The pollster admitted, however, that he is puzzled as to exactly why the Harper government is able to sustain its lead.

"To be blunt, I can't understand all of this," he said, wondering whether the Prime Minister's piano performance this month has made the difference. "Is it the Michael Buble-like [nature]of Canadian politics that has put him into overdrive?"

He added: "Is it the negative framing of Mr. Ignatieff? I am really scratching my head trying to understand all of this. It is really dramatic because we had a political landscape that frozen in amber for a couple of months with these guys absolutely deadlocked."

Still, Mr. Graves's poll shows that Canadians right now prefer a "low-tax, low-service government over a higher-taxing government with a higher level of services."

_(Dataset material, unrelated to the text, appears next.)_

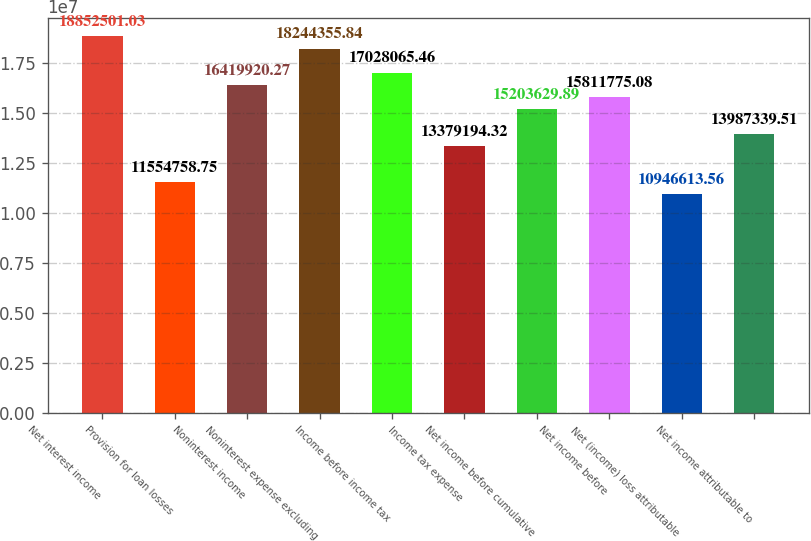Convert chart. <chart><loc_0><loc_0><loc_500><loc_500><bar_chart><fcel>Net interest income<fcel>Provision for loan losses<fcel>Noninterest income<fcel>Noninterest expense excluding<fcel>Income before income tax<fcel>Income tax expense<fcel>Net income before cumulative<fcel>Net income before<fcel>Net (income) loss attributable<fcel>Net income attributable to<nl><fcel>1.88525e+07<fcel>1.15548e+07<fcel>1.64199e+07<fcel>1.82444e+07<fcel>1.70281e+07<fcel>1.33792e+07<fcel>1.52036e+07<fcel>1.58118e+07<fcel>1.09466e+07<fcel>1.39873e+07<nl></chart> 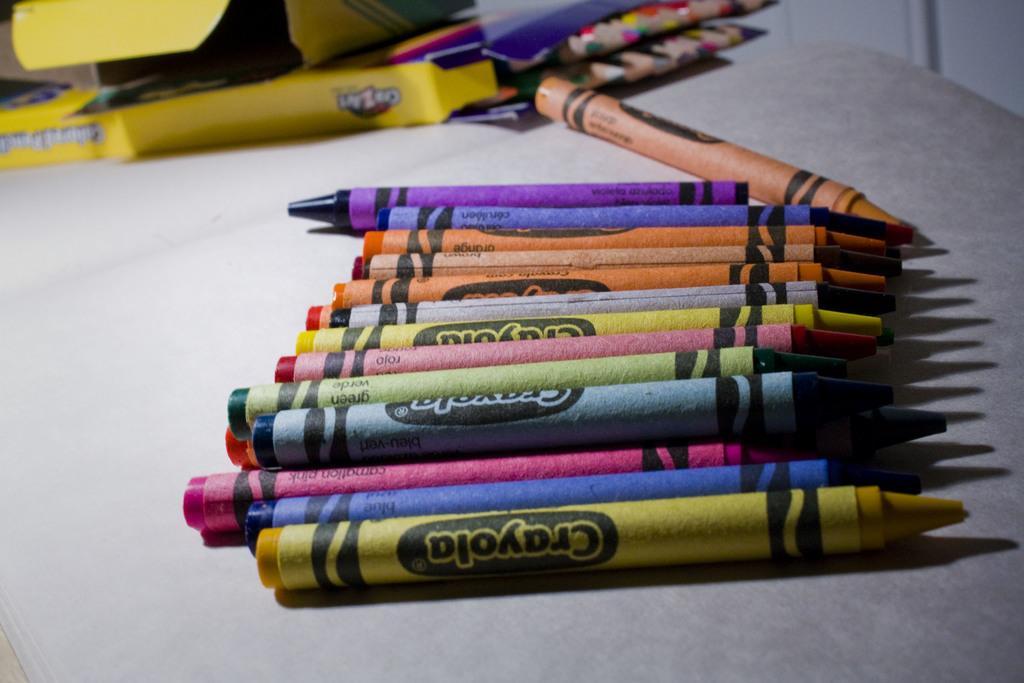Could you give a brief overview of what you see in this image? In this image I can see crayons and boxes on a table. This image is taken may be in a room.

"For the moment, everything seems to be rolling the Conservatives' way," he said.

The EKOS president also suspects that the doling out of infrastructure cheques in ridings may have helped Mr. Harper. But there are others who believe it may cause the Tories more trouble as MPs are under scrutiny for using the party logo and their signatures on government cheques.

Some Tories are worried: "It certainly is uncomfortable. And as the PM set the bar high on accountability this hyper-partisan stuff can bite back if it is not reigned in," a veteran Conservative strategist said.

And Strategic Counsel's pollster, Peter Donolo, said the cheque stories have thrown the government off of its "game plan" and represent the first bump in the road for the Tories since Labour Day.

"What the Liberals need to do is to flip the media attention," Mr. Donolo said, noting that for the past few weeks the narrative has been all about the Liberals and their sliding fortunes. "They have to know how to exploit that."